Content starts

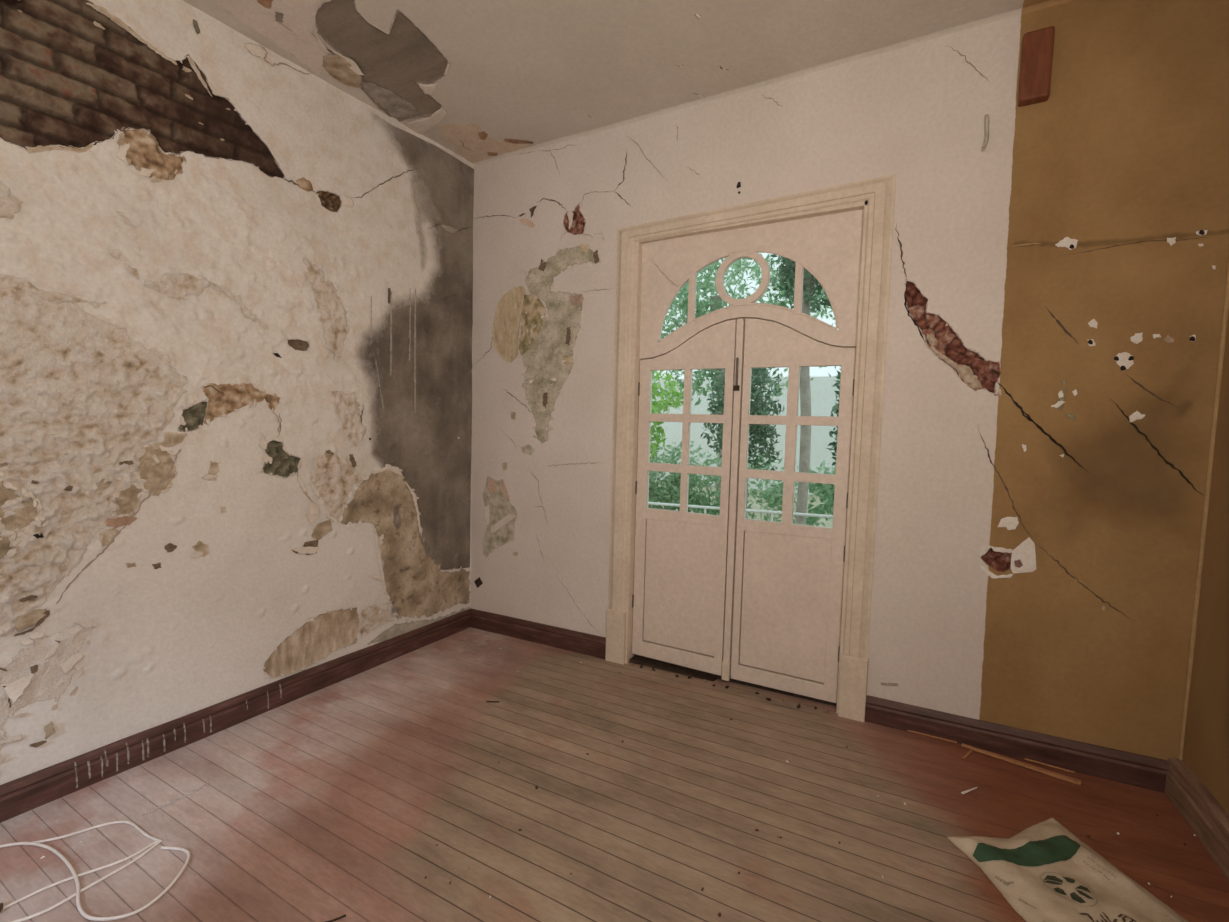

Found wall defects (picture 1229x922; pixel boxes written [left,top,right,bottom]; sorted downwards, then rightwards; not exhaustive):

spalling [0,0,354,212]
peeling [213,0,534,164]
crack [284,127,701,239]
leakage [363,126,474,570]
peeling [492,203,601,455]
crack [895,224,926,345]
spalling [904,280,1002,396]
crack [1046,307,1077,343]
crack [996,380,1085,469]
crack [1111,375,1204,496]
peeling [85,382,483,679]
spalling [978,537,1037,579]

Content ends

## Task goal
The records above must be printed exactly, but the pictures they hold should be omitted.

## Output of the task
Found wall defects (picture 1229x922; pixel boxes written [left,top,right,bottom]; sorted downwards, then rightwards; not exhaustive):

spalling [0,0,354,212]
peeling [213,0,534,164]
crack [284,127,701,239]
leakage [363,126,474,570]
peeling [492,203,601,455]
crack [895,224,926,345]
spalling [904,280,1002,396]
crack [1046,307,1077,343]
crack [996,380,1085,469]
crack [1111,375,1204,496]
peeling [85,382,483,679]
spalling [978,537,1037,579]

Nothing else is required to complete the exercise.